La première, ce sont les attentions de « mon » café Tully’s, lundi matin, jour de chauffe du cerveau dans le froid et la pluie. J’ai gardé le dessin et le
« Thank you ». Le serveur m’a reconnue, comme celle qui me demande en souriant :
« Chai milk tea ? aussitôt après les salutations.
– Hai. Onegaishimasu. »
La deuxième, ce sont les mots de l’artiste peintre Foujita, qu’il écrit dans une lettre à sa fiancée Tomi pour la convaincre de le rejoindre à Paris dans les années mille neuf cent dix (compter quarante-cinq jours de traversée et le reste) : « Viens vite à Paris ! Beaucoup de fleurs. Pas de tremblements de terre, pas de moustiques, peu d’insectes. C’est un beau pays, je t’assure. Si seulement tu étais auprès de moi, nous serions cent fois plus forts. » (1) C’est cela que le voyageur moderne découvre au Japon et qu’il ne savait pas, les moustiques et les insectes. J’en ai assez parlé.
Et puis hier, mercredi, la troisième, notre première journée de printemps : soleil, ciel bleu, mer bleue, vingt degrés ressentis, une association vite étouffée avec la côte méditerranéenne espagnole de nos vacances, l’hiver. De la neige était annoncée lundi et mardi. Allez comprendre ! et autres interjections. La découverte des premiers pruniers en fleur ont fait dévier mon chemin à Atami. Je suis allée au parc Baien aux sept cent trente pruniers. L’année dernière, je l’avais visité à la nuit tombante.

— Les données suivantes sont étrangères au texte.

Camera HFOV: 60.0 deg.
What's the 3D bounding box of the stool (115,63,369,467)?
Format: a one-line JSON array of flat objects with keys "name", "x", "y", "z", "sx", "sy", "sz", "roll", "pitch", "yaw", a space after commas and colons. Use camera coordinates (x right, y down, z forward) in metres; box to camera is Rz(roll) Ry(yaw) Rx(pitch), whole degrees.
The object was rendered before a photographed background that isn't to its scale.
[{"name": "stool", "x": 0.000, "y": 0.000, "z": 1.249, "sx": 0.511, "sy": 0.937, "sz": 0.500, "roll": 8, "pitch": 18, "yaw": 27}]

L’organisation du parc se trouvait à son apogée pour le moment phare de l’année et de ses recettes. J’ai observé à nouveau un « hanami » (2) : les visiteurs, surtout des retraités, certains venus en bus, peut-être en voyage organisé, quelques amoureux, quelques groupes de copines, assis sous les arbres, boire et manger, admirer, photographier, se divertir. Mais enfin, fallait-il inviter l’artiste de rue Yu-ki aux cheveux bleus beuglant dans son micro les prouesses de son diabolo ? Fallait-il inonder nos oreilles de biniou – du koto, certes vaporeux, si j’enlève l’humeur, au moins, je sais le reconnaître désormais (3) – diffusés par des haut-parleurs toujours au mauvais endroit sur les paysages ? Et surtout, fallait-il exposer ce singe habillé et en laisse ?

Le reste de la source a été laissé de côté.